Phospholemman (PLM) is a 72-amino-acid type I single-span membrane protein, belonging to the FXYD (pronounced “fix-it”) family of ion transport regulators. These smallmembrane proteins are tissue-specific regulators of the Na/K ATPase (Na/K pump or NKA). PLM is predominantly expressed in striated (cardiac and skeletal) and smooth muscle (Bogaev et al. 2001; Rembold et al. 2005). However, it is also detectable to a lesser extent in the kidney (Wetzel and Sweadner 2003), liver (Bogaev et al. 2001), cerebellum, and choroid plexus (Feschenko et al. 2003).
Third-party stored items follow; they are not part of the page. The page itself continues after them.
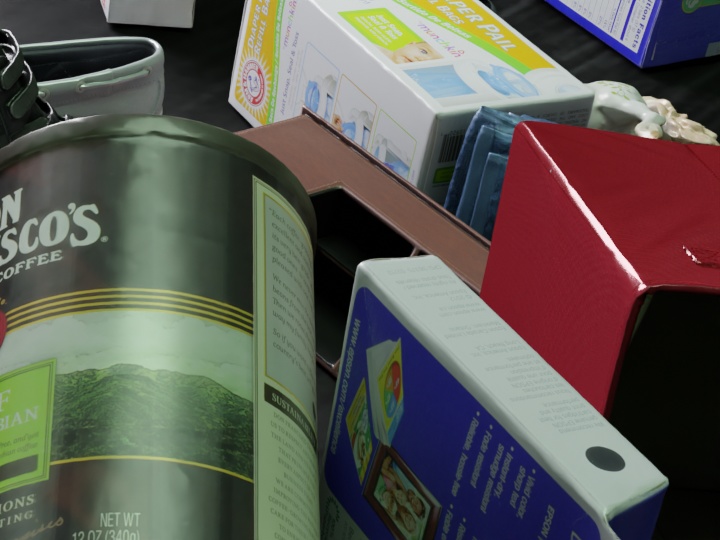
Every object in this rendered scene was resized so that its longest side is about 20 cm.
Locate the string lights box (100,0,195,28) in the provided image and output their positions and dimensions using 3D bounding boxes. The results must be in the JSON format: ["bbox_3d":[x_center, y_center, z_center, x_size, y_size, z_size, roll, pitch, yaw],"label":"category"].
[{"bbox_3d":[-0.146,-0.249,1.424,0.059,0.103,0.200,3,32,-18],"label":"string lights box"}]

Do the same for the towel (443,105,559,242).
[{"bbox_3d":[0.137,-0.003,1.117,0.200,0.112,0.049,21,24,13],"label":"towel"}]

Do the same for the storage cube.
[{"bbox_3d":[0.151,0.053,0.957,0.171,0.200,0.180,3,25,-15],"label":"storage cube"}]

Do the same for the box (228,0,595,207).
[{"bbox_3d":[0.024,-0.099,1.242,0.112,0.102,0.200,-10,37,-33],"label":"box"}]

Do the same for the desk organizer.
[{"bbox_3d":[0.000,0.000,1.102,0.077,0.072,0.200,-18,42,-38],"label":"desk organizer"}]

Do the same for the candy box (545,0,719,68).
[{"bbox_3d":[0.202,-0.229,1.552,0.169,0.077,0.200,-13,40,-37],"label":"candy box"}]

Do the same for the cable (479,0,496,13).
[{"bbox_3d":[0.012,-0.197,1.399,0.163,0.051,0.200,31,2,6],"label":"cable"}]

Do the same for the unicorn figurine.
[{"bbox_3d":[0.113,-0.098,1.319,0.200,0.074,0.137,18,27,-28],"label":"unicorn figurine"}]

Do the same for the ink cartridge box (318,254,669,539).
[{"bbox_3d":[0.048,0.128,0.784,0.043,0.199,0.200,-10,38,-29],"label":"ink cartridge box"}]

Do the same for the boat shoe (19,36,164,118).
[{"bbox_3d":[-0.200,-0.099,1.189,0.200,0.069,0.072,0,33,-22],"label":"boat shoe"}]

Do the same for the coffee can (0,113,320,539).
[{"bbox_3d":[-0.086,0.063,0.828,0.146,0.146,0.200,6,52,-12],"label":"coffee can"}]

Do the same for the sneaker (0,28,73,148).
[{"bbox_3d":[-0.163,-0.072,1.128,0.200,0.099,0.071,2,30,-21],"label":"sneaker"}]
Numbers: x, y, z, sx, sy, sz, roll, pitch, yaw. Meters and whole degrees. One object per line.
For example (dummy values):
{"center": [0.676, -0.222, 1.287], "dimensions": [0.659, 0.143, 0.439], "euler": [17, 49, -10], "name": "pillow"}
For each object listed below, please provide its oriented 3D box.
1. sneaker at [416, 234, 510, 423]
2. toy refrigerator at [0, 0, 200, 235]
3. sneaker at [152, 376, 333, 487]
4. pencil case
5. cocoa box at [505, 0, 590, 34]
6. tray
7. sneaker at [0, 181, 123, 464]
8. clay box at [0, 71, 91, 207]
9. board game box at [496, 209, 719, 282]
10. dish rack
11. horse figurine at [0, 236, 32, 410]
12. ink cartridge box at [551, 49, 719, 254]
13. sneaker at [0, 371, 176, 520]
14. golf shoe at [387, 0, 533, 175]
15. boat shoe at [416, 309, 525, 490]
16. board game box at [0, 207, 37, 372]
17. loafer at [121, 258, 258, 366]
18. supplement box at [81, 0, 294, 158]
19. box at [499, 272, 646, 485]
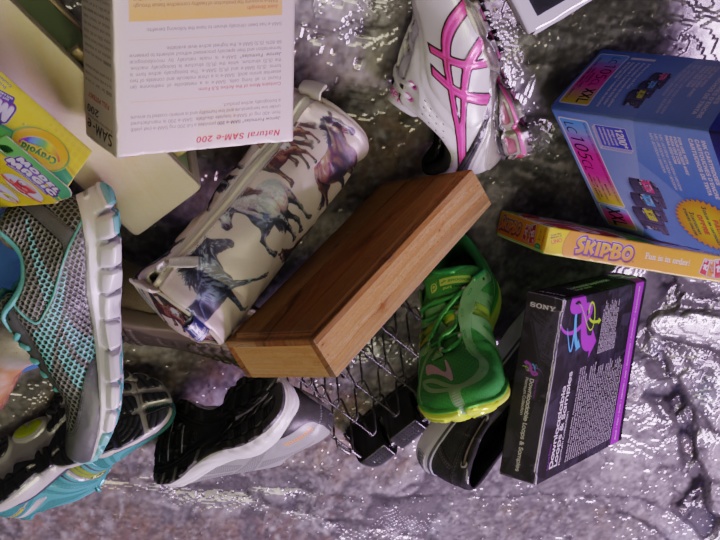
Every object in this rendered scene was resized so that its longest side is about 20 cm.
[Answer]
{"center": [0.070, 0.043, 1.066], "dimensions": [0.074, 0.200, 0.084], "euler": [-16, 121, 12], "name": "sneaker"}
{"center": [-0.198, -0.123, 0.963], "dimensions": [0.070, 0.076, 0.200], "euler": [-35, 124, 13], "name": "toy refrigerator"}
{"center": [-0.103, 0.140, 1.138], "dimensions": [0.079, 0.074, 0.200], "euler": [24, 149, -36], "name": "sneaker"}
{"center": [-0.077, -0.041, 1.001], "dimensions": [0.200, 0.078, 0.089], "euler": [-53, 156, -9], "name": "pencil case"}
{"center": [0.105, -0.282, 0.877], "dimensions": [0.133, 0.131, 0.200], "euler": [-29, 126, 9], "name": "cocoa box"}
{"center": [0.000, 0.000, 1.008], "dimensions": [0.098, 0.200, 0.037], "euler": [-5, 124, 48], "name": "tray"}
{"center": [-0.211, 0.037, 0.966], "dimensions": [0.091, 0.078, 0.201], "euler": [-1, 102, -10], "name": "sneaker"}
{"center": [-0.257, -0.093, 0.905], "dimensions": [0.115, 0.200, 0.048], "euler": [43, 66, -29], "name": "clay box"}
{"center": [0.219, -0.016, 1.116], "dimensions": [0.199, 0.096, 0.030], "euler": [12, 97, -18], "name": "board game box"}
{"center": [-0.001, 0.073, 1.161], "dimensions": [0.153, 0.055, 0.200], "euler": [-41, 121, 16], "name": "dish rack"}
{"center": [-0.258, 0.033, 1.024], "dimensions": [0.200, 0.050, 0.133], "euler": [-28, 110, 15], "name": "horse figurine"}
{"center": [0.255, -0.082, 1.010], "dimensions": [0.076, 0.200, 0.137], "euler": [-50, 129, -22], "name": "ink cartridge box"}
{"center": [-0.236, 0.149, 1.167], "dimensions": [0.200, 0.078, 0.080], "euler": [-29, 144, 16], "name": "sneaker"}
{"center": [0.059, -0.147, 1.002], "dimensions": [0.092, 0.073, 0.200], "euler": [-20, 127, 5], "name": "golf shoe"}
{"center": [0.132, 0.100, 1.150], "dimensions": [0.200, 0.066, 0.070], "euler": [-44, 141, -18], "name": "boat shoe"}
{"center": [-0.325, 0.018, 1.063], "dimensions": [0.199, 0.039, 0.158], "euler": [-18, 120, -2], "name": "board game box"}
{"center": [-0.121, 0.030, 1.068], "dimensions": [0.199, 0.068, 0.076], "euler": [12, 167, -4], "name": "loafer"}
{"center": [-0.111, -0.181, 0.894], "dimensions": [0.126, 0.073, 0.201], "euler": [-7, 111, -27], "name": "supplement box"}
{"center": [0.172, 0.079, 1.104], "dimensions": [0.036, 0.200, 0.143], "euler": [12, 99, 26], "name": "box"}
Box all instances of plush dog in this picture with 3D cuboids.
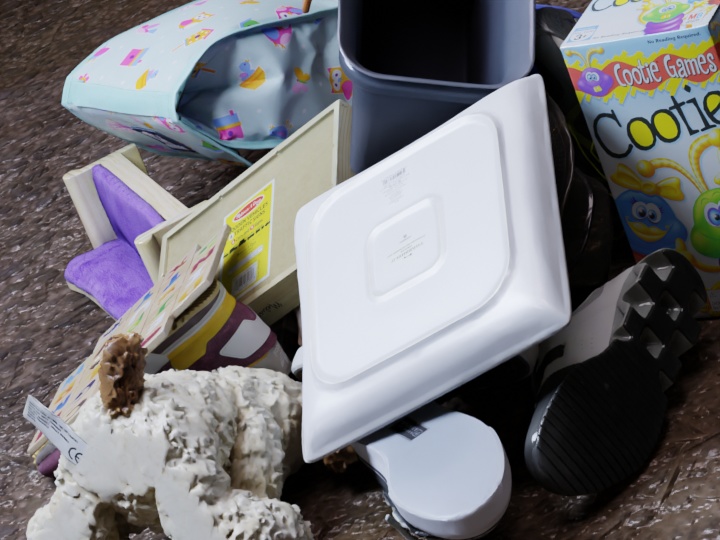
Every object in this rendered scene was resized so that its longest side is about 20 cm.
[{"bbox_3d":[-0.099,0.107,1.630,0.199,0.162,0.171,-5,5,32],"label":"plush dog"}]

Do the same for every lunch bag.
[{"bbox_3d":[-0.111,-0.146,2.040,0.199,0.123,0.170,-19,19,-34],"label":"lunch bag"}]

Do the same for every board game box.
[{"bbox_3d":[0.215,-0.082,1.650,0.104,0.201,0.103,-6,29,31],"label":"board game box"}]

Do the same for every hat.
[{"bbox_3d":[0.115,-0.010,1.693,0.080,0.202,0.201,15,15,-20],"label":"hat"}]

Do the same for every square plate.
[{"bbox_3d":[0.033,-0.007,1.579,0.199,0.028,0.199,-29,44,27],"label":"square plate"}]

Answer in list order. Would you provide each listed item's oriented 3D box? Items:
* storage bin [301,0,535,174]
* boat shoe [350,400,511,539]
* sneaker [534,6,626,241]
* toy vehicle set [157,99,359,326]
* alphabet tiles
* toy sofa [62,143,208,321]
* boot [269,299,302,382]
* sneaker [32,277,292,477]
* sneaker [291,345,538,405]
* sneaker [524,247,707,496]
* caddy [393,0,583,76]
[{"bbox_3d":[0.032,-0.158,1.719,0.144,0.135,0.201,5,53,-5],"label":"storage bin"},{"bbox_3d":[0.045,0.127,1.534,0.073,0.068,0.199,-33,20,-14],"label":"boat shoe"},{"bbox_3d":[0.146,-0.085,1.736,0.084,0.200,0.075,-29,36,9],"label":"sneaker"},{"bbox_3d":[-0.070,-0.016,1.786,0.200,0.026,0.125,-35,39,38],"label":"toy vehicle set"},{"bbox_3d":[-0.151,0.043,1.734,0.166,0.006,0.200,-43,10,13],"label":"alphabet tiles"},{"bbox_3d":[-0.169,-0.020,1.988,0.097,0.083,0.200,-28,25,-13],"label":"toy sofa"},{"bbox_3d":[0.000,0.000,1.761,0.199,0.070,0.147,-9,57,45],"label":"boot"},{"bbox_3d":[-0.134,0.094,1.753,0.200,0.090,0.075,-40,14,30],"label":"sneaker"},{"bbox_3d":[0.041,0.034,1.624,0.199,0.073,0.085,-12,52,44],"label":"sneaker"},{"bbox_3d":[0.136,0.072,1.581,0.088,0.074,0.200,-24,19,42],"label":"sneaker"},{"bbox_3d":[0.092,-0.123,1.868,0.198,0.143,0.105,5,11,-13],"label":"caddy"}]
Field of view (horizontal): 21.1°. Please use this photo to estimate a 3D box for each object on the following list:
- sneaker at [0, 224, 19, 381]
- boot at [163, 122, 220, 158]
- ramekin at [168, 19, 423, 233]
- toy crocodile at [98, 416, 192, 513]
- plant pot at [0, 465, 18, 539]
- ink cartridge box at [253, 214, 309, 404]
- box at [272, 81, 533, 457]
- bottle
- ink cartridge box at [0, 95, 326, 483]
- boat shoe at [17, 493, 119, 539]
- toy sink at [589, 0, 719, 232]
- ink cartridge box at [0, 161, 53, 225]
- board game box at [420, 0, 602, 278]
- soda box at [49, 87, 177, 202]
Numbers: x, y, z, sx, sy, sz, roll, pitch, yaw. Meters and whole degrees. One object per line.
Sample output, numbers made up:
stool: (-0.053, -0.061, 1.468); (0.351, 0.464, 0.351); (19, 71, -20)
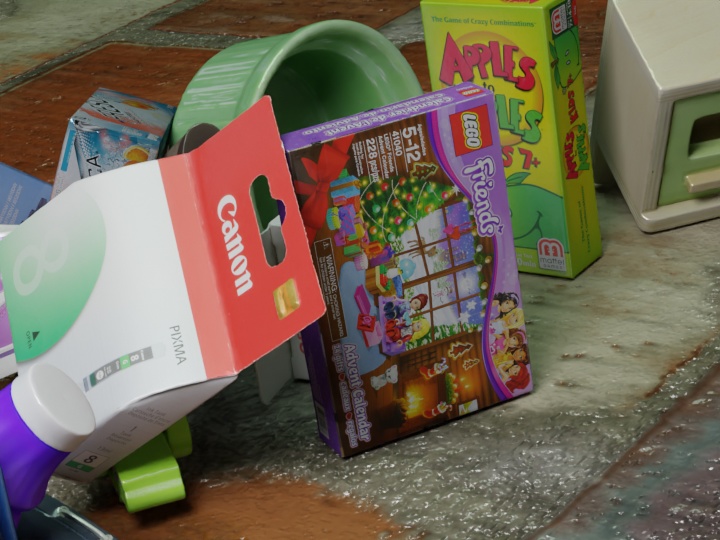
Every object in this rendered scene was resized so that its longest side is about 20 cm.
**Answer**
sneaker: (-0.281, 0.031, 1.275); (0.200, 0.115, 0.073); (-24, 5, 21)
boot: (-0.118, 0.003, 1.248); (0.070, 0.146, 0.201); (15, 65, -4)
ramekin: (-0.045, -0.079, 1.400); (0.097, 0.201, 0.200); (3, 25, 43)
toy crocodile: (-0.152, 0.097, 1.204); (0.067, 0.062, 0.200); (-16, 28, -18)
plant pot: (-0.243, 0.173, 0.882); (0.199, 0.201, 0.180); (-11, 17, -4)
ink cartridge box: (0.000, 0.000, 1.291); (0.068, 0.116, 0.200); (5, 27, 28)
box: (0.027, -0.001, 1.172); (0.136, 0.201, 0.039); (-18, 23, -20)
bottle: (-0.223, 0.125, 1.009); (0.200, 0.084, 0.065); (-41, -15, 17)
ink cartridge box: (-0.121, 0.005, 1.110); (0.200, 0.050, 0.161); (-36, 53, 28)
boat shoe: (-0.200, 0.142, 1.084); (0.062, 0.075, 0.200); (-29, 31, -35)
toy sink: (0.252, -0.109, 1.429); (0.130, 0.200, 0.112); (-12, 52, -10)
ink cartridge box: (-0.278, -0.045, 1.392); (0.200, 0.077, 0.136); (23, -3, -26)
board game box: (0.108, -0.100, 1.374); (0.101, 0.201, 0.048); (8, 28, 36)
soda box: (-0.171, -0.080, 1.351); (0.063, 0.069, 0.200); (15, 10, -5)
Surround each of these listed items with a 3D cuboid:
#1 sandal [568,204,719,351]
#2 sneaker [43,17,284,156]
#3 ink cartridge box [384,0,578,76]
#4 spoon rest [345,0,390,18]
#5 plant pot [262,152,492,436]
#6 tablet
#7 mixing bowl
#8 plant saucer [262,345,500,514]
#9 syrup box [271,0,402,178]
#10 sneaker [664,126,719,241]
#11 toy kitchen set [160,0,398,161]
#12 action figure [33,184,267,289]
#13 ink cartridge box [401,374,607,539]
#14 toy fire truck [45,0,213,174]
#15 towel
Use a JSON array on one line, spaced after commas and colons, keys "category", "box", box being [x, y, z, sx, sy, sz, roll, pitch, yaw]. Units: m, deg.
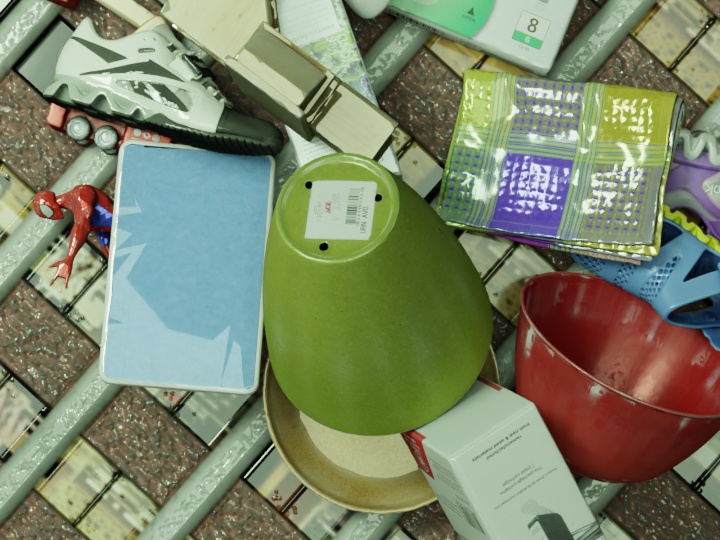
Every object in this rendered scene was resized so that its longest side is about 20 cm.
[{"category": "sandal", "box": [0.261, 0.008, 1.547, 0.199, 0.080, 0.087, 20, 48, 12]}, {"category": "sneaker", "box": [-0.149, -0.151, 1.518, 0.199, 0.074, 0.089, 18, 83, 4]}, {"category": "ink cartridge box", "box": [0.120, -0.285, 1.587, 0.160, 0.050, 0.201, 22, 91, 0]}, {"category": "spoon rest", "box": [0.008, -0.307, 1.569, 0.060, 0.099, 0.202, 0, 74, -27]}, {"category": "plant pot", "box": [0.000, 0.000, 1.453, 0.185, 0.200, 0.188, -4, 60, 8]}, {"category": "tablet", "box": [-0.139, -0.003, 1.532, 0.129, 0.014, 0.202, 5, 79, -5]}, {"category": "mixing bowl", "box": [0.202, 0.100, 1.526, 0.199, 0.200, 0.109, 22, 116, 0]}, {"category": "plant saucer", "box": [0.018, 0.101, 1.583, 0.198, 0.035, 0.202, 0, 88, -1]}, {"category": "syrup box", "box": [-0.033, -0.157, 1.565, 0.078, 0.081, 0.201, -20, 90, 1]}, {"category": "sneaker", "box": [0.324, -0.060, 1.574, 0.199, 0.080, 0.089, 14, 96, 5]}, {"category": "toy kitchen set", "box": [-0.026, -0.204, 1.444, 0.200, 0.163, 0.181, 37, 90, 2]}, {"category": "action figure", "box": [-0.181, -0.012, 1.568, 0.198, 0.065, 0.100, 15, 80, 0]}, {"category": "ink cartridge box", "box": [0.125, 0.196, 1.503, 0.083, 0.144, 0.201, -31, 104, -10]}, {"category": "toy fire truck", "box": [-0.197, -0.168, 1.580, 0.199, 0.049, 0.142, 18, 88, -1]}, {"category": "towel", "box": [0.164, -0.090, 1.557, 0.199, 0.023, 0.145, 11, 83, 23]}]
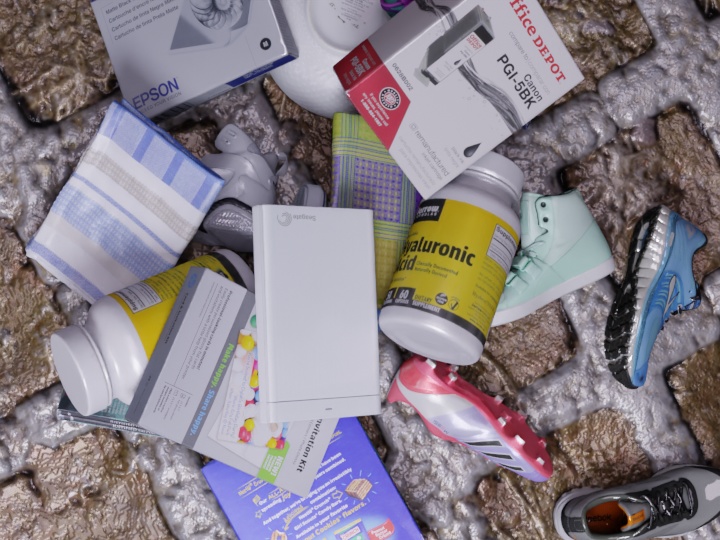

PLM was first identified in canine and guinea pig myocardium as a 15 kDa sarcolemmal protein and was later shown to be the principle sarcolemmal substrate for protein kinases A and C (PKA and PKC) (Presti et al. 1985a, b). At the time, the correlation between PLM phosphorylation and PKA-induced positive inotropy led Prest and colleagues to speculate that this small protein may be involved in mediating the effects of β-adrenoceptor stimulation on cardiac contractile force. However, although PLM was purified and cloned more than two decades ago (Palmer et al. 1991), its real physiological function has only become clear in recent years. After its discovery, this 15 kDa protein was sequenced using Edman degradation and was shown to be 72 amino acids in length; the acidic extracellular NH2 terminal consists of 17 amino acids, the hydrophobic membrane-spanning segment 20 amino acids, and the basic intracellular COOH terminus 35 amino acids in length. The phosphorylation sites for PKA and PKC were confirmed to be serines 62, 63, 68 and threonine 69 at the COOH terminus (Palmer et al. 1991). Due to its sarcolemmal localization and multiple phosphorylation sites, it was named “phospholemman.”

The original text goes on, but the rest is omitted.